The flexible comparison method on graphs
This method uses an algorithm for elastic matching of face graphs. Faces are presented as weighted graphs (Fig. 2). Graphs can have the form of a rectangular lattice or the form of a structure, the vertices of which are anthropometric points of the face. In the course of identification, two graphs are used: the reference graph, which remains unchanged, and the graph, which is adjusted to the reference graph using deformation [6].
The feature values, in this case, are calculated using Gabor filters [7], or Gabor wavelets: sets of Gabor filters that are calculated at the top of the graph by convolution of pixel values with Gabor filters. Figure 3 presents an example of a Gabor filter set.
This method is resistant to the image angle, with high computational power and direct dependence
of the operating time from the number of faces in the database, which makes this method unsuitable for systems where a fast response is required.
The identification with neural networks
Currently, there are a large number of neural network varieties. The most common method is a neural network built using a multilayer perceptron. This network allows you to classify the incoming image according to the preliminary network training. The neural network training is based on using a set of training examples. This training is come down to solving an optimization problem using the gradient descent method and adjusting the weights of interneural connections. During the neural network training key features are obtained, their importance is determined and connections are built between them.
At the moment the convolution neural networks have the lead in the person identification problem by using the face image. They are the development of the ideas of such architectures as the cognitron and neocognitron. The advantage of a convolutional neural network over a conventional one is the ability to take into account the two-dimensionality of the image. Also, in consequence of the two-dimensional connectivity of neurons, common weights (allows you to detect some features at any place in the image), and spatial sampling, the convolutional neural network is partially resistant to image scaling, displacements, and other contortions.
A convolutional neural network is used in the DeepFace system acquired by the social network Facebook to identify the faces of its users. Figure 4 shows how it works.

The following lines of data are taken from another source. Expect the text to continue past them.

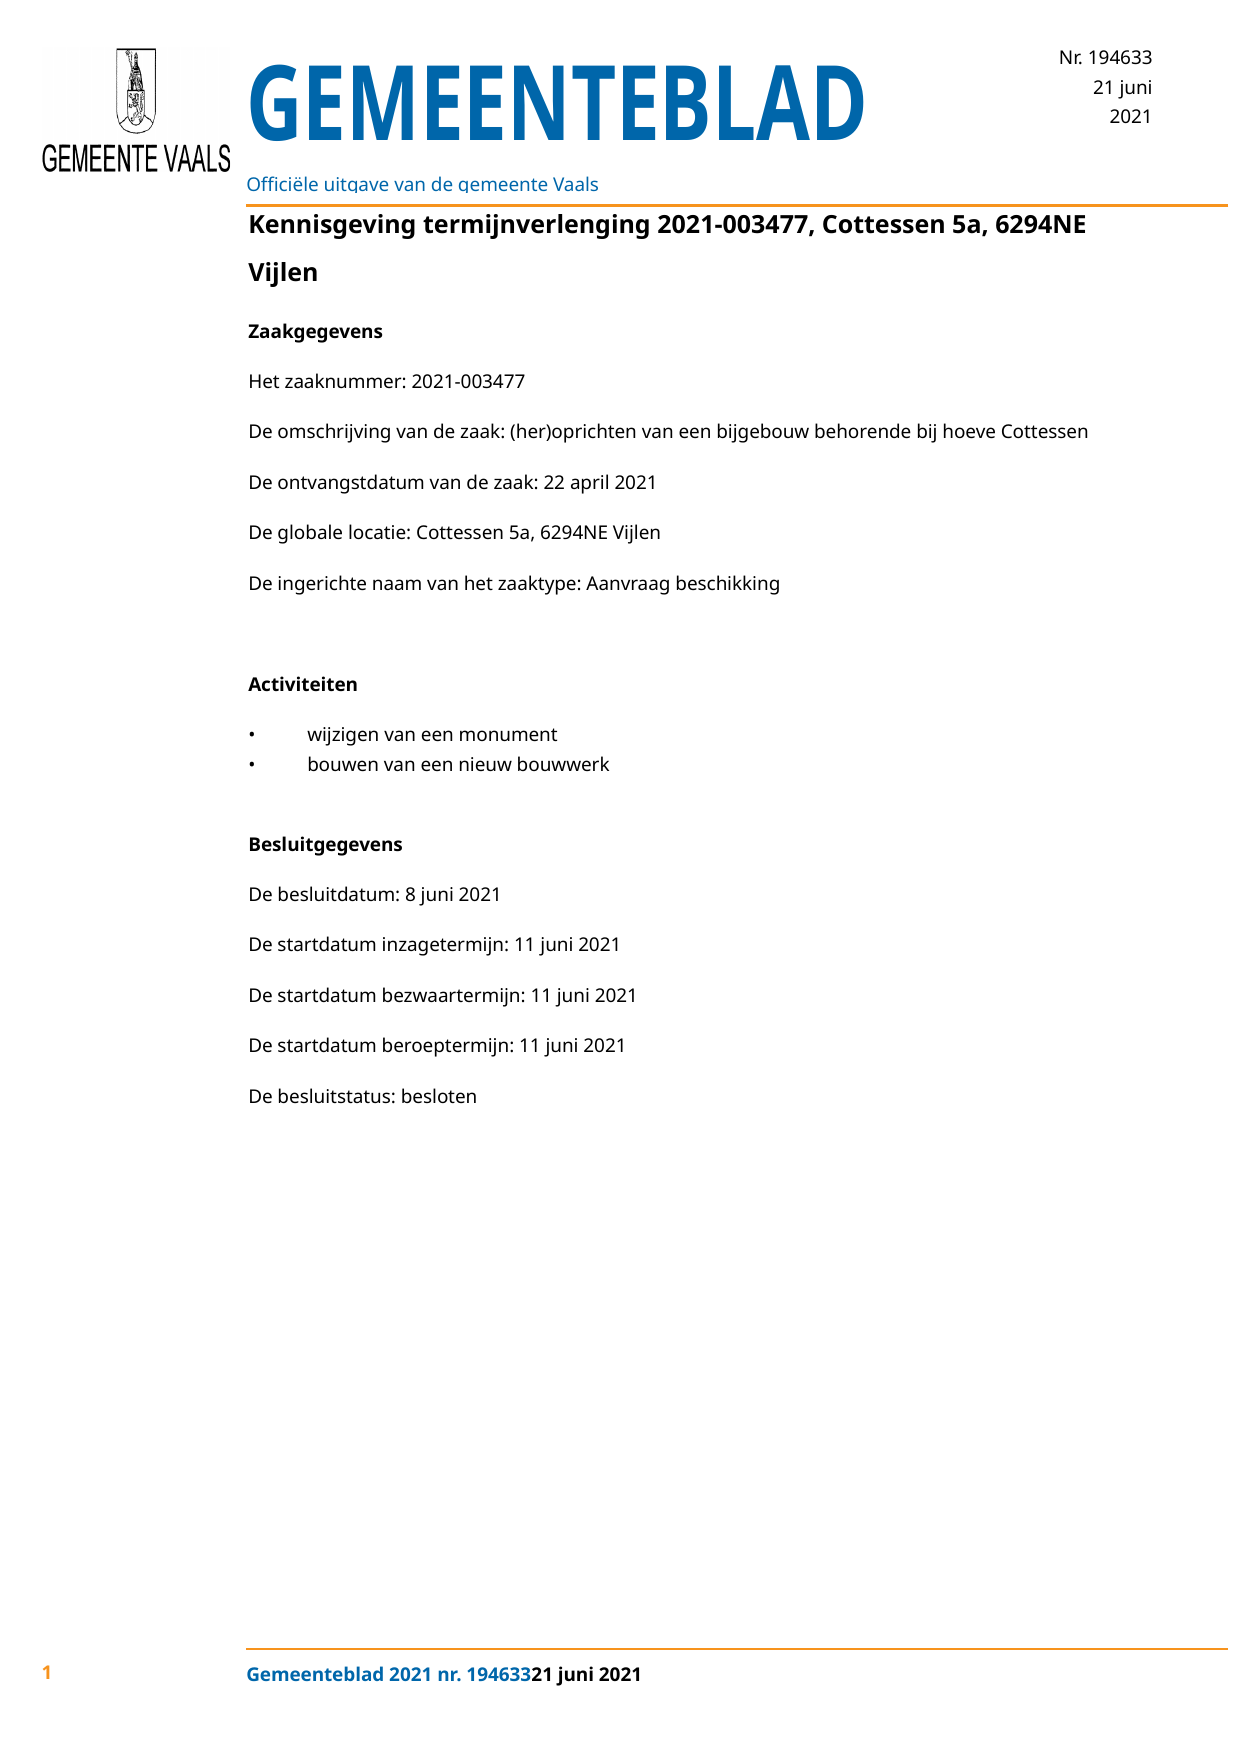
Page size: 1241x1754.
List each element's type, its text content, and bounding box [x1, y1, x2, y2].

list bouwen van een nieuw bouwwerk [248, 751, 1152, 777]
text De globale locatie: Cottessen 5a, 6294NE Vijlen [248, 519, 1152, 545]
text Besluitgegevens [248, 831, 1152, 857]
text De omschrijving van de zaak: (her)oprichten van een bijgebouw behorende bij hoeve Cottessen [248, 419, 1152, 444]
list wijzigen van een monument [248, 721, 1152, 747]
text De besluitdatum: 8 juni 2021 [248, 881, 1152, 907]
text Het zaaknummer: 2021-003477 [248, 368, 1152, 394]
text De ingerichte naam van het zaaktype: Aanvraag beschikking [248, 570, 1152, 596]
text De startdatum beroeptermijn: 11 juni 2021 [248, 1032, 1152, 1058]
picture [41, 47, 231, 172]
text De startdatum inzagetermijn: 11 juni 2021 [248, 932, 1152, 957]
text De besluitstatus: besloten [248, 1083, 1152, 1109]
text Kennisgeving termijnverlenging 2021-003477, Cottessen 5a, 6294NE Vijlen [248, 207, 1152, 288]
text Zaakgegevens [248, 318, 1152, 344]
text Activiteiten [248, 671, 1152, 697]
text De startdatum bezwaartermijn: 11 juni 2021 [248, 982, 1152, 1008]
text De ontvangstdatum van de zaak: 22 april 2021 [248, 469, 1152, 495]

The deficiencies of convolutional neural networks are mathematical problems (retraining, choosing an optimization step, getting into a local optimum), as well as difficulties in choosing a network architecture.
The principal component method
This method is based on Karunen-Love’s transformation. It was designed from the start in statistics to decrease the feature space without significant information loss. In the identification problem, it is used to represent a face image by a small-sized vector (a principal components’ vector).
The method objective is to significantly decrease the feature space in order to achieve a better description of images belonging to multiple faces. This method identifies miscellaneous changes in the training sample of faces and describes them in the basis of orthogonal (proper) vectors. Training proceeds in the following way: a training sample is created = { I1, …, In}, where I – it is a vector obtained from the image brightness matrix. Next, a matrix is formed from the received data, in which the row corresponds to the training image, and the data is centered and normalized for each column of this matrix. The next step is to calculate the eigenvalues and eigenvectors. Their eigenvectors are chosen k - vectors corresponding to the first k largest eigenvalues. The value of k is selected by the formula
A matrix is constructed from the obtained eigenvectors. The vectors in it are arranged in decreasing order of eigenvalues. Each image of the input set is projected by multiplying the original vector by the eigenvector matrix. Figure 5 presents the transformation of the training sample to the eigenvector matrix. The resulting vectors are used for identification. The set of eigenvectors obtained once is used to describe all other face images. Using eigenvectors, you can derive an archived approximation to the input image, which can be stored as a coefficient vector for subsequent search in the database. During the identification process, a brightness matrix is built for the input image, and then it is converted into a vector. The received vector is multiplied by the matrix of eigenvectors. Next, the Euclidean distance is calculated between the stored vectors and the received ones. The result will be the element to which the Euclidean distance is minimal.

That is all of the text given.